There are 5 vulnerabilities with low- to medium-severity discovered in the Philips Clinical Collaboration Platform (Vue PACS). An attacker could exploit the vulnerability and influence an authorized user to perform unauthorized activities or disclose data that may be employed in other attacks.
Philips hasn’t gotten any report that suggests the development of exploits for the vulnerabilities or its usage in actual attacks. There is also no report of incidents received from healthcare providers connected with the vulnerabilities.
The vulnerabilities impact platform versions 12.2.1 and earlier versions. The severity ranges from CVSS v3 base score of 3.4 or low to CVSS v3 base score of 6.8 or medium.
1. Vulnerability CVE-2020-16200 with CVSS base score of 6.8 occurs when the resource is exposed to the incorrect control sphere and enables an attacker to get unauthorized access to the resource.
2. Vulnerability CVE-2020-16247 with CVSS base score of 6.5 involves an algorithm downgrade. It involves a failure to manage the allocation and upkeep of a limited resource, possibly resulting in the depletion of available resources.
3. Vulnerability CVE-2020-16198 with CVSS base score of 5.0 involves a protection mechanism failure. It occurs when there’s an inability or inadequacy to check and confirm the identity provided by an attacker to make sure that the claim is right.
4. Vulnerability CVE-2020-14525 with CVSS base score of 3.5 involves poor neutralization of script in attributes on a website page. It arises from the inability to neutralize or improperly neutralize user-controllable input prior to putting it in output on a website that is made available to other users.
5. Vulnerability CVE-2020-14506 with CVSS base score of 3.4 arises when the input or data provided did not undergo sufficient checks to make sure the input possesses the attributes to permit the safe and correct processing of data.

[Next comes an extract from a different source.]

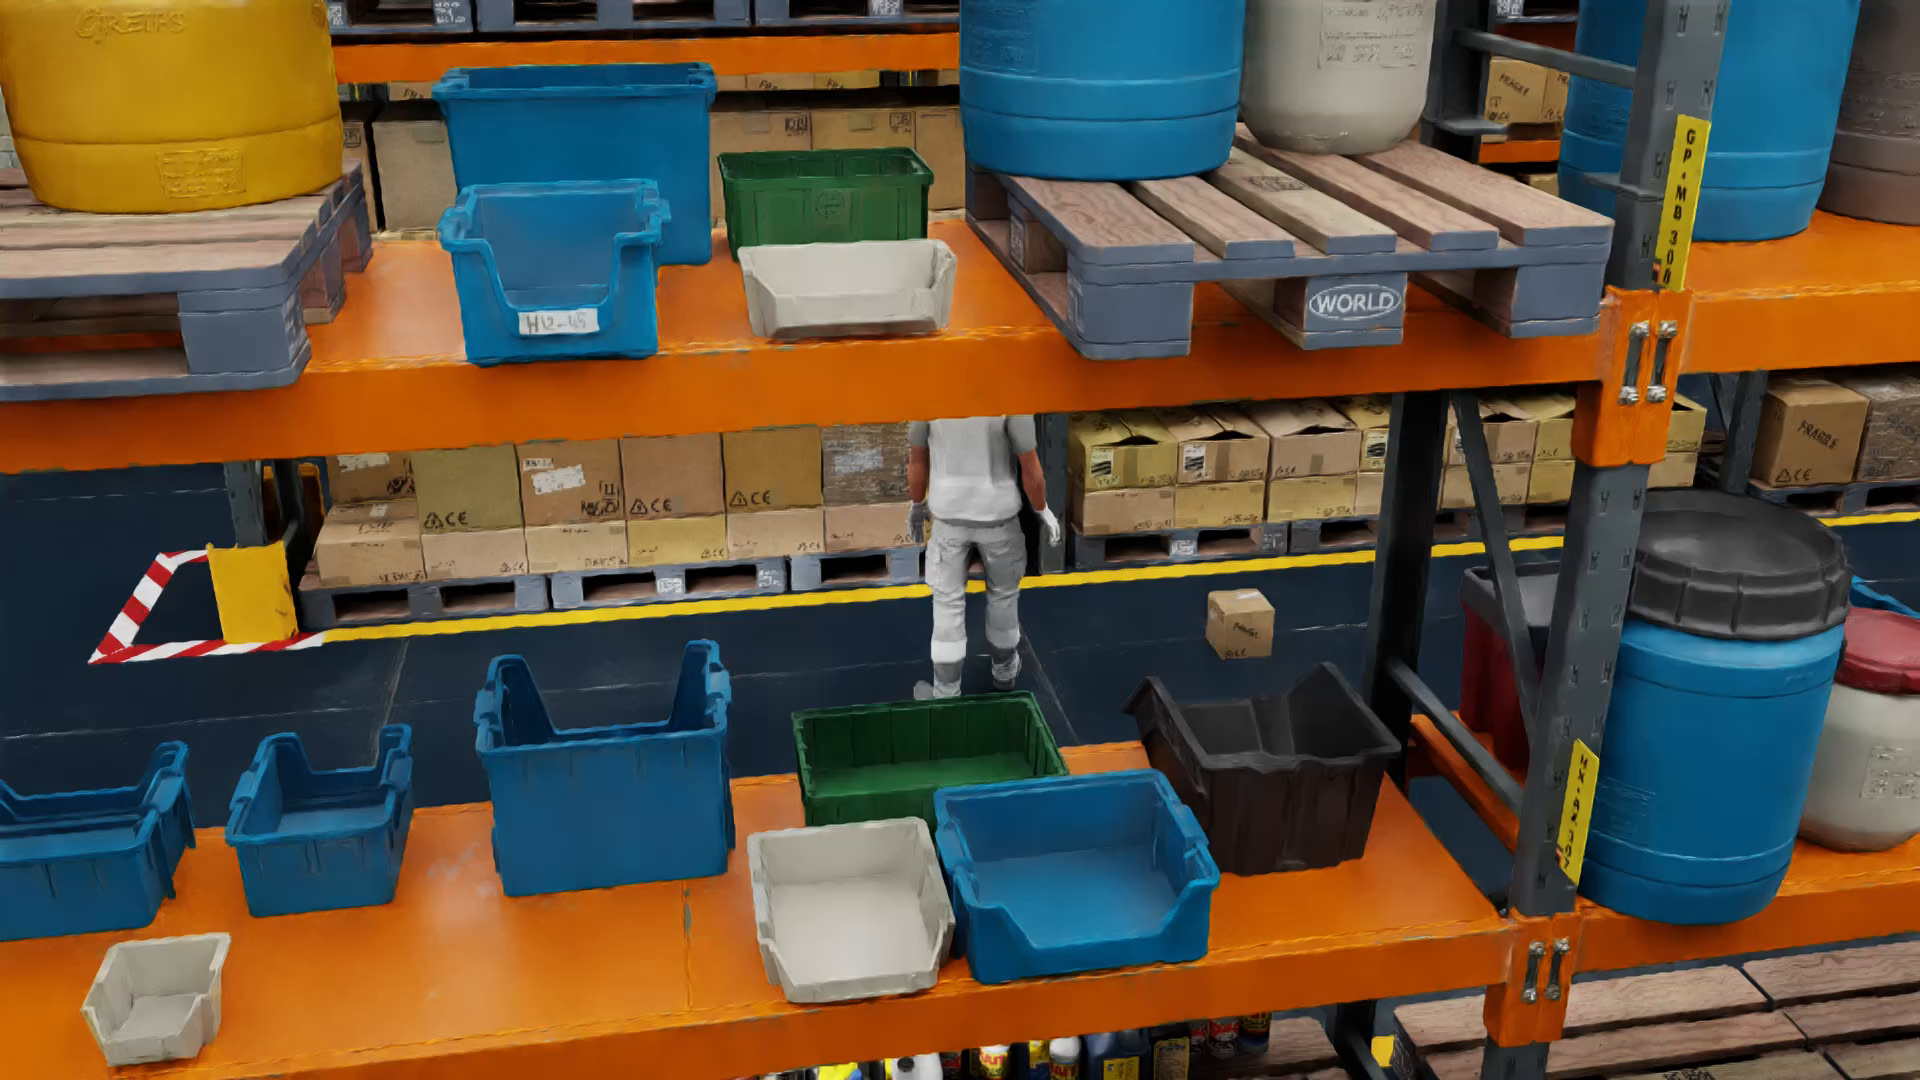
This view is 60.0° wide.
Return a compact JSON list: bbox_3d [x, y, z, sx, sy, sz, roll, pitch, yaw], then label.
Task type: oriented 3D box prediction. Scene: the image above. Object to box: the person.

In June 2020, Philips issued a patch for the web version of the Clinical Collaboration Platform (Version 126.96.36.199) to fixe the two low-severity vulnerabilities CVE-2020-14506 and CVE-2020-14525.
In May 2020, Philips launched the latest version of the Vue PACS Clinical Collaboration Platform (Version 12.2.5) that fixed the four vulnerabilities CVE-2020-16198, CVE-2020-14506, CVE-2020-14525, and CVE-2020-16247.
There is no patch for the last vulnerability CVE-2020-16200. Manual intervention is necessary to avoid exploitation. Customers affected by the vulnerabilities should get in touch with Philips Customer Support to obtain guidance in fixing the vulnerability.
Philips additionally endorses these mitigations:
- Apply physical security procedures to restrict or control critical systems access.
- Only allow authorized personnel to access systems and implement a least privilege strategy.
- Implement defense-in-depth strategies.
- Deactivate accounts and services that are not needed.
Northridge Hospital Medical Center discovered the vulnerabilities and reported them to Philips. Philips issued a security notice and informed appropriate authorities regarding the vulnerabilities in compliance with the Coordinated Vulnerability Disclosure Policy.